9.5話 東條蘭丸
「さて今週も始まりました、毎週ダンジョン!今回のゲストはランキング1位の東條蘭丸さん、ランキング11位の仙道遥さんのお二人に来てもらってます、お二人共よろしくお願いします!」
「……」
「よろしくお願いしまーす!!」
司会の挨拶から番組が始まり、絶賛売り出し中の攻略者、仙道遥はここぞとばかりに笑顔を振り撒き挨拶をしたが、それとは別に東條はまったく笑っていなかった。
「おっと東條さん、どうしました」
「あ、大丈夫でーす、東條さん表情筋が硬すぎて笑顔作れないだけですからー!」
笑わない東條に焦る司会、すかさず仙道がフォローに入るが、絶妙に失礼なフォローとなり、東條がさらに不機嫌な顔を浮かべた。
まずいと焦った仙道は急いで笑顔を作った。
田舎から苦労して上京し、なんとかここまで来た彼女にとってこの番組での成功は確実なものでなければならなかったのだ。
「い、いえーい、カメラさんこっち向けてくださーい!私、この番組のためにメイク頑張ったんですよ」
「え、メイク?」
「はいー!だから見てください!」
何としても東條の顔を映させないため、仙道は必死だった。
だが、ダンジョン紹介番組でまさかのメイクについての話を始めた仙道にネットは荒れ、東條の表情についても失礼ではないかとの声が上がり仙道は少し炎上した。
「なにこれ、私めっちゃ燃えてるんだけど」
番組が終わり、仙道は自身が炎上していることに気がついた。
「いやお前は燃えてないぞ」
「そ、そういう意味じゃないです、てかこれ東條さんのせいですよ」
「知らん、そもそも俺はこの手の番組は嫌いなんだ」
「あー、なんてこと言ってんですかー!?」
東條蘭丸は生粋の攻略者である。
ダンジョンビジネスが大流行している現代において、攻略者は単にダンジョン攻略だけをしていれば良いとは限らない。
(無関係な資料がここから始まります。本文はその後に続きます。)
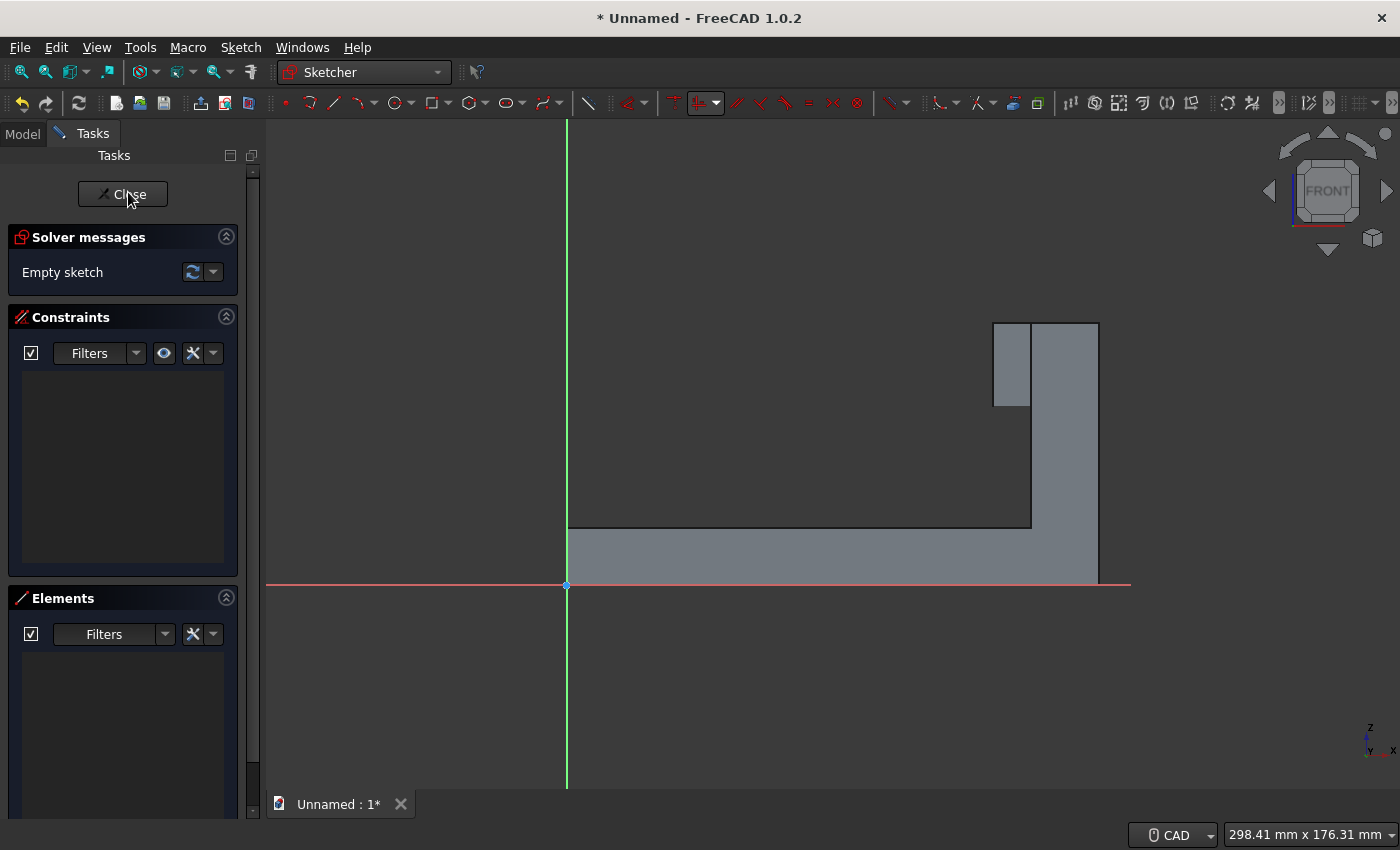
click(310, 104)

にもかかわらず東條は、ダンジョン攻略こそが唯一の攻略者の仕事と思っており、それ以外の仕事を邪道としていた。
「関係者の皆さーん、今のはフェイクですよー、フェイク、フェイク!」
そう言って仙道は全力笑顔で誤魔化したが、あいにく東條がそういう人間なのは周知のため、特に現場の人間に動揺はなかった。
「じゃあ終わったし俺は行く」
「行くってどこに行くんですか?」
「ダンジョンに決まってるだろ」
そうしてそのまま東條は、テレビ局から出ていき、タクシー乗り場へと向かった。
「どうもー、お客さんどちらまで?」
「青森までお願いします」
「はい?青森ってあのりんごの青森?」
「はい」
「お客さんおもしろいねー」
そうして東條は青森へと向かう。
ちなみにタクシー運転手は東條を東京駅まで送り、そこから東條は新幹線で青森へ行った。